There would be plenty of reasons to come up with to stay out of the market but what really would happen is that you have been conditioned, subconsciously, into such a risk-averse mindset that you would want to come up with a reason for valuations to head lower so that you can buy into. But being conditioned into a mindset is not the same as gaining wisdom or understanding. Because at the same time when you would see plenty of bad horizons, you would also see an improving housing market, rising employment, and easy monetary policy. For each tick higher, your bearish confidence would gradually wane. And as the S&P would break 1500, you would slowly be acclimatized to the idea of higher market numbers while your prior conditioning would gradually become extinct together with the rest of the market until it would be a matter of chasing. Your bullish confidence would finally have been conditioned through continuous reinforcement of each failed prediction.
In reality, removing your focus on price is not easy. Anchoring bias has us believe that when prices fall from where they’ve been, they look cheaper. We envision the possibility that they might return to where they recently were, precisely because we have been reinforced, Skinnerian style, from the prevalent trend. And if that envisioning is fulfilled once, it will reinforce us to again fall prey to our innate bias the next time around. And that’s exactly why removing the focus on price, as well as unrealized gains or losses, is so important.

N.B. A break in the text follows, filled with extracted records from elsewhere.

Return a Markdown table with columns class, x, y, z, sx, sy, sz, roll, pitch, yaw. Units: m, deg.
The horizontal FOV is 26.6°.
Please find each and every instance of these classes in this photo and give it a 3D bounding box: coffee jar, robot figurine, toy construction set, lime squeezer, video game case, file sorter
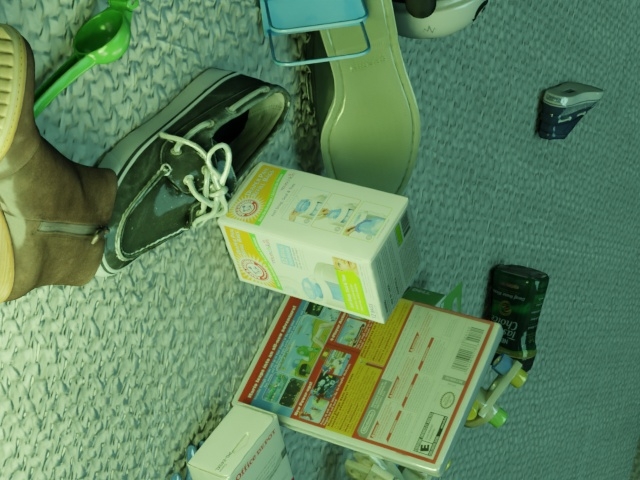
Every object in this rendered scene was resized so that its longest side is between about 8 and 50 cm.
| class | x | y | z | sx | sy | sz | roll | pitch | yaw |
| --- | --- | --- | --- | --- | --- | --- | --- | --- | --- |
| coffee jar | 0.342 | 0.140 | 2.393 | 0.079 | 0.096 | 0.184 | -13 | 113 | -57 |
| robot figurine | 0.126 | -0.382 | 1.653 | 0.209 | 0.173 | 0.278 | -34 | 134 | -29 |
| toy construction set | 0.161 | 0.303 | 2.031 | 0.328 | 0.151 | 0.215 | -40 | -179 | -34 |
| lime squeezer | -0.216 | -0.231 | 1.232 | 0.110 | 0.059 | 0.310 | 12 | 94 | -33 |
| video game case | 0.056 | 0.156 | 1.653 | 0.204 | 0.285 | 0.025 | -63 | 151 | -23 |
| file sorter | -0.008 | -0.288 | 1.464 | 0.104 | 0.118 | 0.170 | -103 | -175 | -56 |

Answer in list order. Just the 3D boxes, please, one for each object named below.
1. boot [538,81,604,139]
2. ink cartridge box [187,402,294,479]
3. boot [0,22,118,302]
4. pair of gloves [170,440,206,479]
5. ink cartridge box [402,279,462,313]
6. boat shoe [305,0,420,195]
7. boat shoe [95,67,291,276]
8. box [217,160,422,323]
| class | x | y | z | sx | sy | sz | roll | pitch | yaw |
| --- | --- | --- | --- | --- | --- | --- | --- | --- | --- |
| boot | 0.452 | -0.236 | 2.470 | 0.190 | 0.069 | 0.086 | -16 | 124 | -50 |
| ink cartridge box | -0.091 | 0.286 | 1.629 | 0.109 | 0.063 | 0.150 | -50 | 142 | -36 |
| boot | -0.253 | -0.065 | 1.189 | 0.207 | 0.090 | 0.248 | -8 | 117 | -61 |
| pair of gloves | -0.134 | 0.323 | 1.663 | 0.198 | 0.023 | 0.159 | 14 | 92 | -62 |
| ink cartridge box | 0.143 | 0.142 | 2.055 | 0.209 | 0.062 | 0.109 | -40 | 137 | -49 |
| boat shoe | 0.042 | -0.198 | 1.658 | 0.113 | 0.127 | 0.340 | -106 | -178 | -58 |
| boat shoe | -0.132 | -0.068 | 1.390 | 0.306 | 0.105 | 0.113 | -48 | 142 | -42 |
| box | 0.000 | 0.000 | 1.564 | 0.103 | 0.203 | 0.114 | -57 | 149 | -32 |
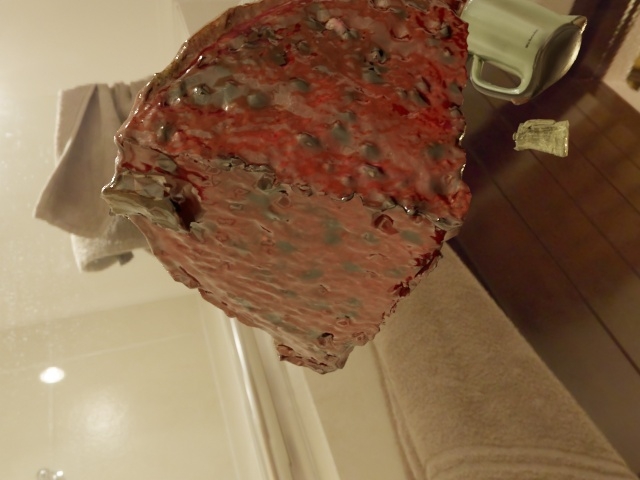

Lastly, another important observation of Skinner’s is that operant conditioning affects our thinking and even our language throughout our lives, often in subtle ways. We respond to what we want to hear because we’ve been conditioned through our emotional reactions. Unfortunately, the emotional factors that shape our thinking are not always oriented toward truth, but rather toward other values, such as building relationships, achieving status, or acquiring resources. This lack of truth orientation is generally not a problem, except in investing, where the consequences of being wrong can be tangibly significant. To avoid this problem, you must be vigilant about truth in investment decisions and ensure that your thoughts and statements reflect an honest description of reality, rather than being influenced by hidden contingencies such as the desire for status, approval, or preserving an ideology.